▸ Problem statement: Please keep to the lines below from the one with "- books (940, 278, 985, 285)" through the one with "- object (1016, 511, 1018, 513)", and restate them word for word, ends included.

════════════════

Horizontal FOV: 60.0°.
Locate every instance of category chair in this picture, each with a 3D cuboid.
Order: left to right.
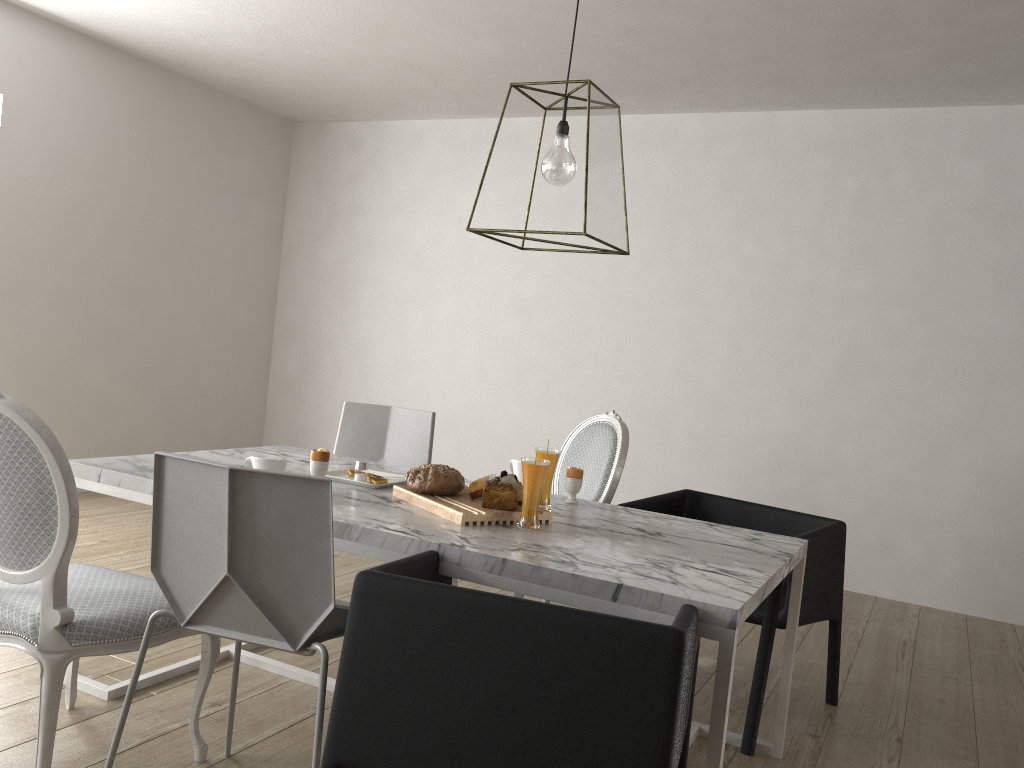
[{"bbox_3d":[-0.935,0.410,1.897,0.480,0.833,0.505,7,2,24],"label":"chair"},{"bbox_3d":[-0.474,0.513,1.764,0.470,0.745,0.439,7,2,16],"label":"chair"},{"bbox_3d":[-0.540,0.457,3.200,0.470,0.745,0.439,6,2,11],"label":"chair"},{"bbox_3d":[0.023,0.646,1.636,0.569,0.597,0.609,7,2,16],"label":"chair"},{"bbox_3d":[0.092,0.484,2.948,0.505,0.833,0.480,5,2,-31],"label":"chair"},{"bbox_3d":[0.646,0.675,2.736,0.569,0.597,0.609,8,3,41],"label":"chair"}]

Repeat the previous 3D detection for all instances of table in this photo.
[{"bbox_3d":[-0.234,0.596,2.352,1.781,0.583,0.870,7,2,26],"label":"table"}]

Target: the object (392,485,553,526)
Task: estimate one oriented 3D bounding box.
[{"bbox_3d":[-0.107,0.305,2.259,0.260,0.031,0.360,5,2,-34],"label":"object"}]

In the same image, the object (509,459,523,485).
[{"bbox_3d":[0.029,0.270,2.591,0.110,0.105,0.170,4,3,-44],"label":"object"}]

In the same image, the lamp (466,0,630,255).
[{"bbox_3d":[0.153,-0.895,2.156,0.584,1.108,0.584,8,3,41],"label":"lamp"}]

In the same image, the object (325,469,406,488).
[{"bbox_3d":[-0.412,0.270,2.535,0.212,0.014,0.212,7,2,26],"label":"object"}]

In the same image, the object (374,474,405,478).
[{"bbox_3d":[-0.347,0.272,2.582,0.132,0.013,0.032,6,2,1],"label":"object"}]

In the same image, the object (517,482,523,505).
[{"bbox_3d":[-0.011,0.272,2.250,0.083,0.057,0.072,6,2,2],"label":"object"}]

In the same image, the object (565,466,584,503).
[{"bbox_3d":[0.175,0.286,2.527,0.050,0.101,0.050,7,2,22],"label":"object"}]

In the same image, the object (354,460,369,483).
[{"bbox_3d":[-0.421,0.245,2.477,0.036,0.060,0.036,5,2,-23],"label":"object"}]

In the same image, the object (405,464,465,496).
[{"bbox_3d":[-0.199,0.242,2.287,0.157,0.075,0.151,5,2,-28],"label":"object"}]

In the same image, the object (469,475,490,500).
[{"bbox_3d":[-0.069,0.261,2.249,0.079,0.067,0.074,6,2,-2],"label":"object"}]

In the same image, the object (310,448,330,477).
[{"bbox_3d":[-0.507,0.220,2.328,0.050,0.101,0.050,7,2,33],"label":"object"}]

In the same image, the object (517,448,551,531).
[{"bbox_3d":[0.048,0.247,2.077,0.071,0.188,0.071,4,3,-43],"label":"object"}]

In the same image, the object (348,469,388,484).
[{"bbox_3d":[-0.415,0.267,2.526,0.068,0.014,0.197,5,2,-36],"label":"object"}]

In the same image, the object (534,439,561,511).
[{"bbox_3d":[0.086,0.242,2.337,0.071,0.188,0.071,4,3,-43],"label":"object"}]

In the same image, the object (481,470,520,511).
[{"bbox_3d":[-0.026,0.259,2.168,0.086,0.087,0.090,6,2,3],"label":"object"}]

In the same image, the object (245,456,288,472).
[{"bbox_3d":[-0.634,0.221,2.234,0.138,0.085,0.089,7,2,21],"label":"object"}]
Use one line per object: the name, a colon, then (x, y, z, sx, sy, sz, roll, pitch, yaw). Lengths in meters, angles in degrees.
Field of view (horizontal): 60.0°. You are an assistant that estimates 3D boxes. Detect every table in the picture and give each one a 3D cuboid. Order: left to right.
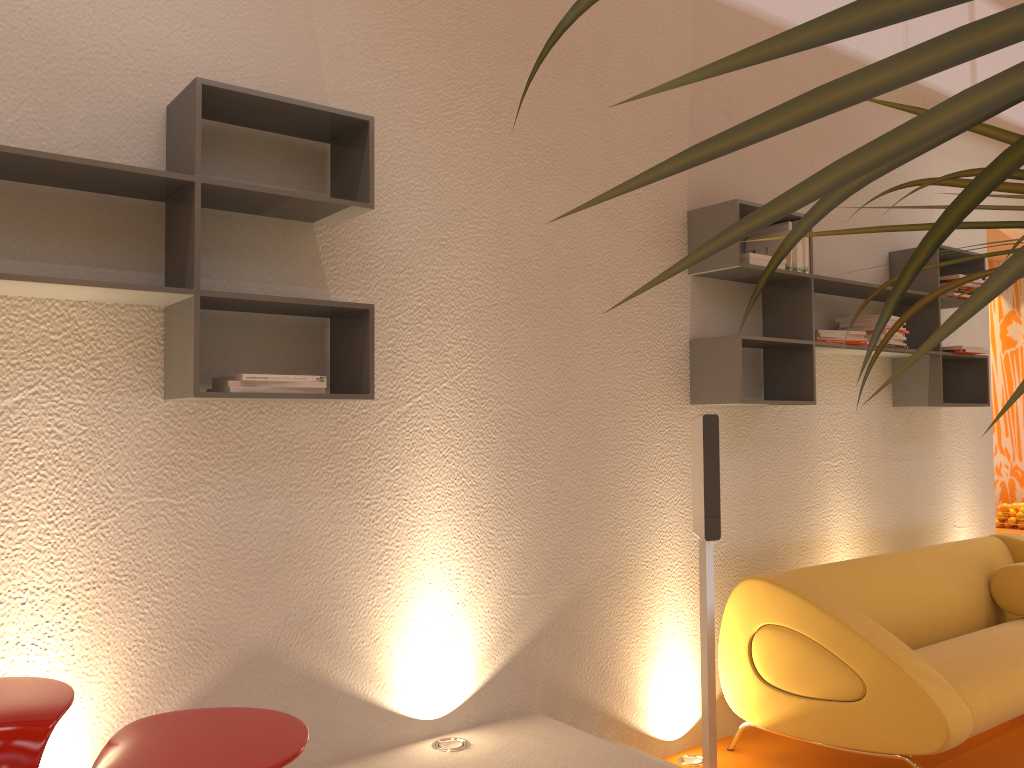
table: (3.797, 1.292, 5.894, 2.573, 0.760, 0.969, 1, -3, -37)

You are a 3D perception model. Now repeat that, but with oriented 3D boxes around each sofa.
sofa: (1.896, 1.080, 3.712, 2.081, 0.706, 0.929, 1, -3, -37)

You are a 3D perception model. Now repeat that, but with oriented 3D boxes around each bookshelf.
bookshelf: (-0.691, 0.324, 2.316, 3.370, 2.145, 0.322, 1, -3, -35)
bookshelf: (1.591, -0.293, 4.095, 2.000, 0.790, 0.252, 1, -3, -37)

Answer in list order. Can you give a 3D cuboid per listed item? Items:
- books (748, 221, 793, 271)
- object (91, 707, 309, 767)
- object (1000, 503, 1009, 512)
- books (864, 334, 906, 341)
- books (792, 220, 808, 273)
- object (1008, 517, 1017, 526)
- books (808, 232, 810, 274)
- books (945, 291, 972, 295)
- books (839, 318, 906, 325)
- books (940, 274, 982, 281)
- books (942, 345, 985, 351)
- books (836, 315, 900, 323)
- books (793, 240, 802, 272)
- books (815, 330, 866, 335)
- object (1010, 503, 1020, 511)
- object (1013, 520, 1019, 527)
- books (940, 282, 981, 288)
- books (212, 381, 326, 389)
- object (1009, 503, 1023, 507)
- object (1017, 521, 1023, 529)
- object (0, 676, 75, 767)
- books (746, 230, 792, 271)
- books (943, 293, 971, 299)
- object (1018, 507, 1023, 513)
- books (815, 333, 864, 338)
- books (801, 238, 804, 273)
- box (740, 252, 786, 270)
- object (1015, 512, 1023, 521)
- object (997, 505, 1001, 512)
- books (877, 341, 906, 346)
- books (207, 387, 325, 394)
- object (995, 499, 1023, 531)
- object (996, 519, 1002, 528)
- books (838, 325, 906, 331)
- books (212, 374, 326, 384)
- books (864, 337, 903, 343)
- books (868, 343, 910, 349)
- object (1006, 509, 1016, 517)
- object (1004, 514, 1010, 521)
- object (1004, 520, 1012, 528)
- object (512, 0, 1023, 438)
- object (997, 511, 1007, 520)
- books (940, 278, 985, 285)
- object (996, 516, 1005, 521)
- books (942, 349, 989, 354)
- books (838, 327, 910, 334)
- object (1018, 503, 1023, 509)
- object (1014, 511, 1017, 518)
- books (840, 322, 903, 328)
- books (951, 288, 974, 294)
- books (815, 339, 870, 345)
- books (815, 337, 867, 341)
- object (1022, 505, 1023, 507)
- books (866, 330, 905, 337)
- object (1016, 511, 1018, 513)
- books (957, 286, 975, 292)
books: (1.084, -0.559, 3.729, 0.021, 0.210, 0.207, 1, -3, -37)
object: (-0.558, 0.835, 1.495, 0.420, 0.450, 0.391, 0, -3, -7)
object: (3.066, 0.772, 5.520, 0.050, 0.060, 0.059, 0, -3, -2)
books: (1.671, -0.209, 4.105, 0.254, 0.015, 0.190, 2, -3, -40)
books: (1.151, -0.566, 3.763, 0.017, 0.227, 0.230, 1, -3, -37)
object: (3.093, 0.847, 5.481, 0.052, 0.053, 0.062, -2, -3, 35)
books: (1.162, -0.566, 3.780, 0.017, 0.227, 0.230, 1, -3, -37)
books: (2.224, -0.446, 4.518, 0.268, 0.011, 0.190, 1, -3, -35)
books: (1.671, -0.281, 4.108, 0.254, 0.015, 0.190, 2, -3, -40)
books: (2.217, -0.523, 4.505, 0.230, 0.017, 0.226, 1, -3, -37)
books: (2.226, -0.173, 4.494, 0.230, 0.017, 0.226, 1, -3, -37)
books: (1.665, -0.296, 4.121, 0.230, 0.017, 0.226, -3, -3, 43)
books: (1.111, -0.539, 3.732, 0.027, 0.169, 0.230, 1, -3, -37)
books: (1.383, -0.217, 3.889, 0.254, 0.015, 0.190, 1, -3, -20)
object: (3.140, 0.771, 5.541, 0.051, 0.053, 0.063, 0, -3, 0)
object: (3.147, 0.864, 5.542, 0.057, 0.060, 0.052, -1, -3, 4)
books: (2.228, -0.491, 4.513, 0.226, 0.017, 0.230, 2, -3, -42)
books: (-0.649, 0.005, 2.367, 0.254, 0.015, 0.190, 1, -3, -30)
object: (3.518, 0.844, 5.986, 0.349, 0.049, 0.262, 1, -3, -37)
object: (3.134, 0.866, 5.450, 0.053, 0.053, 0.061, -3, -3, 43)
object: (-1.059, 0.848, 1.701, 0.391, 0.450, 0.420, 1, -3, -37)
books: (1.069, -0.540, 3.698, 0.023, 0.169, 0.230, 1, -3, -37)
books: (2.221, -0.434, 4.516, 0.297, 0.013, 0.210, 1, -3, -37)
object: (3.158, 0.787, 5.476, 0.053, 0.051, 0.063, -3, -3, 43)
books: (1.375, -0.202, 3.888, 0.254, 0.015, 0.190, 1, -3, -26)
books: (1.129, -0.538, 3.755, 0.027, 0.169, 0.230, 1, -3, -37)
box: (0.949, -0.482, 3.615, 0.232, 0.047, 0.232, 1, -3, -37)
object: (3.124, 0.815, 5.450, 0.053, 0.055, 0.060, -3, -3, 41)
object: (3.085, 0.788, 5.583, 0.051, 0.053, 0.063, -1, -3, 11)
books: (1.670, -0.181, 4.108, 0.268, 0.011, 0.190, 2, -3, -40)
books: (-0.657, 0.020, 2.365, 0.254, 0.015, 0.190, 1, -3, -36)
object: (3.130, 0.814, 5.539, 0.189, 0.174, 0.207, 1, -3, -37)
object: (3.039, 0.873, 5.551, 0.053, 0.052, 0.062, -2, -3, 37)
books: (1.670, -0.252, 4.111, 0.268, 0.011, 0.190, 2, -3, -40)
books: (-0.653, -0.010, 2.381, 0.227, 0.017, 0.230, 1, -3, -37)
books: (1.664, -0.194, 4.101, 0.190, 0.015, 0.254, -3, -4, 44)
books: (1.674, -0.169, 4.110, 0.297, 0.013, 0.210, 2, -3, -42)
object: (3.105, 0.801, 5.514, 0.055, 0.051, 0.061, 0, -3, -8)
object: (3.109, 0.834, 5.569, 0.051, 0.053, 0.062, -1, -3, 6)
object: (3.091, 0.873, 5.522, 0.050, 0.055, 0.061, -3, -4, 44)
object: (1.427, 0.145, 0.390, 3.241, 2.600, 3.098, 1, -3, -29)
object: (3.057, 0.822, 5.535, 0.053, 0.054, 0.061, -3, -4, 44)
books: (2.230, -0.507, 4.509, 0.190, 0.015, 0.254, 1, -3, -30)
object: (3.085, 0.838, 5.587, 0.061, 0.055, 0.051, 1, -3, -23)
books: (2.239, -0.157, 4.498, 0.190, 0.015, 0.254, 1, -3, -30)
books: (1.673, -0.240, 4.113, 0.297, 0.013, 0.210, 2, -3, -42)
object: (3.195, 0.774, 5.562, 0.053, 0.051, 0.063, 2, -4, -44)
object: (3.178, 0.820, 5.571, 0.062, 0.053, 0.052, 1, -3, -30)
books: (1.663, -0.266, 4.104, 0.190, 0.015, 0.254, -3, -4, 44)
books: (2.231, -0.459, 4.526, 0.254, 0.015, 0.190, 2, -3, -41)
books: (1.388, -0.176, 3.892, 0.297, 0.013, 0.210, 1, -3, -22)
books: (1.384, -0.188, 3.892, 0.268, 0.011, 0.190, 1, -3, -20)
object: (3.200, 0.776, 5.509, 0.052, 0.060, 0.057, 0, -3, -14)
books: (1.665, -0.225, 4.117, 0.230, 0.017, 0.226, -3, -3, 43)
object: (3.165, 0.814, 5.516, 0.064, 0.053, 0.051, 0, -3, 1)
books: (2.223, -0.474, 4.524, 0.254, 0.015, 0.190, 1, -3, -35)
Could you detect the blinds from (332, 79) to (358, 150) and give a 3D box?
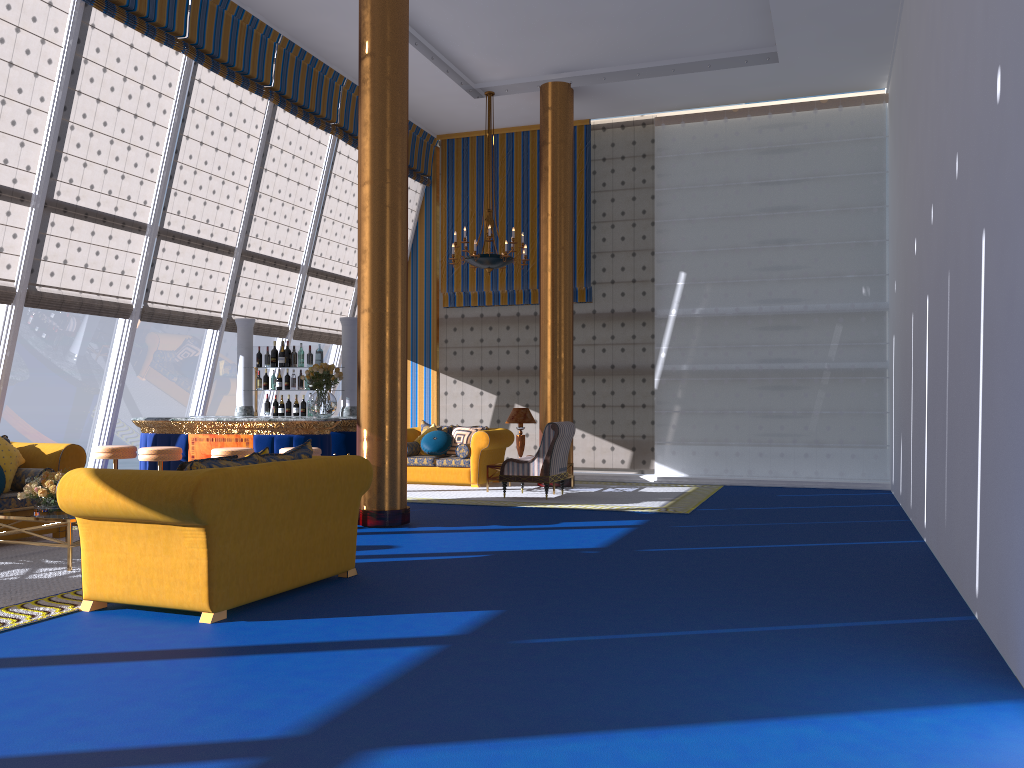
[{"bbox_3d":[-2.217,-3.863,13.237,0.336,0.830,1.535,0,-1,20],"label":"blinds"}]

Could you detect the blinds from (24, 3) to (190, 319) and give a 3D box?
[{"bbox_3d":[-4.118,-2.435,9.182,0.868,3.393,1.374,0,-1,20],"label":"blinds"}]

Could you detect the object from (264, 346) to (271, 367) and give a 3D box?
[{"bbox_3d":[-2.822,-0.313,10.243,0.073,0.246,0.072,0,-1,-21],"label":"object"}]

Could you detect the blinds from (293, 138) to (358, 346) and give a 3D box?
[{"bbox_3d":[-2.557,-2.330,13.484,0.868,3.393,1.374,0,-1,20],"label":"blinds"}]

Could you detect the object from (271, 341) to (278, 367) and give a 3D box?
[{"bbox_3d":[-2.715,-0.341,10.145,0.080,0.302,0.082,0,-1,25],"label":"object"}]

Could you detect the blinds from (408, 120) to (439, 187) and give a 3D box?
[{"bbox_3d":[-1.687,-3.827,14.697,0.336,0.830,1.535,0,-1,20],"label":"blinds"}]

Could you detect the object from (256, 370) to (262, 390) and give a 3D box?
[{"bbox_3d":[-2.893,-0.044,10.149,0.066,0.225,0.066,0,-1,-11],"label":"object"}]

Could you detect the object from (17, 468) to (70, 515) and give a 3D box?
[{"bbox_3d":[-3.486,0.828,6.826,0.454,0.388,0.504,0,-1,1],"label":"object"}]

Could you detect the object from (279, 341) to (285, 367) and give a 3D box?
[{"bbox_3d":[-2.615,-0.341,10.111,0.084,0.302,0.085,0,-1,14],"label":"object"}]

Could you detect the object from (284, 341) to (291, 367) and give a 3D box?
[{"bbox_3d":[-2.560,-0.342,10.119,0.080,0.302,0.082,0,-1,36],"label":"object"}]

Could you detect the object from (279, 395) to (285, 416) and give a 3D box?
[{"bbox_3d":[-2.626,0.246,10.124,0.068,0.244,0.068,0,-1,1],"label":"object"}]

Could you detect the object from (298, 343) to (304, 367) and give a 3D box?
[{"bbox_3d":[-2.390,-0.328,10.054,0.068,0.271,0.070,0,-1,30],"label":"object"}]

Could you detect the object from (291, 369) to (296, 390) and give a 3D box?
[{"bbox_3d":[-2.480,-0.053,10.072,0.057,0.239,0.057,0,-1,-6],"label":"object"}]

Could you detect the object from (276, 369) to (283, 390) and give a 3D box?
[{"bbox_3d":[-2.651,-0.051,10.110,0.068,0.244,0.068,0,-1,1],"label":"object"}]

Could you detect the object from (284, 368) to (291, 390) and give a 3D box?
[{"bbox_3d":[-2.555,-0.055,10.094,0.065,0.244,0.065,0,-1,1],"label":"object"}]

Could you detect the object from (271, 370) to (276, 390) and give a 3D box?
[{"bbox_3d":[-2.725,-0.047,10.134,0.059,0.230,0.058,0,-1,-21],"label":"object"}]

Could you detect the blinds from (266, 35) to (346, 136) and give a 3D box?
[{"bbox_3d":[-2.746,-3.899,11.780,0.336,0.830,1.535,0,-1,20],"label":"blinds"}]

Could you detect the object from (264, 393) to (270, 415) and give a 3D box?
[{"bbox_3d":[-2.797,0.229,10.143,0.071,0.242,0.071,0,-1,1],"label":"object"}]

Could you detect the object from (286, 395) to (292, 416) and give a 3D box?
[{"bbox_3d":[-2.541,0.242,10.098,0.065,0.244,0.065,0,-1,1],"label":"object"}]

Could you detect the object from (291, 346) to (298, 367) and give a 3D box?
[{"bbox_3d":[-2.479,-0.313,10.091,0.077,0.247,0.076,0,-1,-17],"label":"object"}]

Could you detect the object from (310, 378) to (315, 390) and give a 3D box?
[{"bbox_3d":[-2.258,-0.053,10.053,0.068,0.244,0.068,0,-1,1],"label":"object"}]

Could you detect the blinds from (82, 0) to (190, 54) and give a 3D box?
[{"bbox_3d":[-3.806,-3.970,8.858,0.336,0.830,1.535,0,-1,20],"label":"blinds"}]

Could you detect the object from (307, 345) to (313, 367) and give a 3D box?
[{"bbox_3d":[-2.292,-0.316,10.061,0.073,0.246,0.072,0,-1,-21],"label":"object"}]

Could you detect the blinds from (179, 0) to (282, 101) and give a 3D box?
[{"bbox_3d":[-3.276,-3.935,10.319,0.336,0.830,1.535,0,-1,20],"label":"blinds"}]

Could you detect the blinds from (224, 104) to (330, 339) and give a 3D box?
[{"bbox_3d":[-3.087,-2.366,12.023,0.868,3.393,1.374,0,-1,20],"label":"blinds"}]

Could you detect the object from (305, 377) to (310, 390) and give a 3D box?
[{"bbox_3d":[-2.324,-0.048,10.075,0.059,0.230,0.058,0,-1,-21],"label":"object"}]

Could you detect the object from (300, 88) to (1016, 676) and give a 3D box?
[{"bbox_3d":[-1.158,-6.825,7.115,62.742,33.597,63.816,0,-1,26],"label":"object"}]

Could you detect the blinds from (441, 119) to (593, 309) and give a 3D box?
[{"bbox_3d":[0.045,-2.797,14.851,2.643,2.990,0.153,0,-1,19],"label":"blinds"}]

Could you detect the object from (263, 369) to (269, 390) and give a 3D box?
[{"bbox_3d":[-2.812,-0.054,10.149,0.065,0.244,0.065,0,-1,1],"label":"object"}]

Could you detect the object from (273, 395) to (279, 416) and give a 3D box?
[{"bbox_3d":[-2.703,0.247,10.148,0.065,0.244,0.066,0,-1,23],"label":"object"}]

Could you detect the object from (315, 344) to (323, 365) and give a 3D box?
[{"bbox_3d":[-2.187,-0.325,10.067,0.091,0.259,0.092,0,-1,3],"label":"object"}]

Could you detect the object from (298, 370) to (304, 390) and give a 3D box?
[{"bbox_3d":[-2.399,-0.048,10.078,0.071,0.232,0.071,0,-1,-2],"label":"object"}]

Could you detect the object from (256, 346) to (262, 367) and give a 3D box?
[{"bbox_3d":[-2.915,-0.313,10.229,0.065,0.244,0.066,0,-1,23],"label":"object"}]

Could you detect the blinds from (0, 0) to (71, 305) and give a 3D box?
[{"bbox_3d":[-4.632,-2.470,7.764,0.868,3.393,1.374,0,-1,20],"label":"blinds"}]

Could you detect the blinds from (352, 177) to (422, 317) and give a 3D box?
[{"bbox_3d":[-2.047,-2.295,14.888,0.868,3.393,1.374,0,-1,20],"label":"blinds"}]

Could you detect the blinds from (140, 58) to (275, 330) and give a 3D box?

════════════════

▸ The answer:
- books (940, 278, 985, 285)
- object (996, 516, 1005, 521)
- books (942, 349, 989, 354)
- books (838, 327, 910, 334)
- object (1018, 503, 1023, 509)
- object (1014, 511, 1017, 518)
- books (840, 322, 903, 328)
- books (951, 288, 974, 294)
- books (815, 339, 870, 345)
- books (815, 337, 867, 341)
- object (1022, 505, 1023, 507)
- books (866, 330, 905, 337)
- object (1016, 511, 1018, 513)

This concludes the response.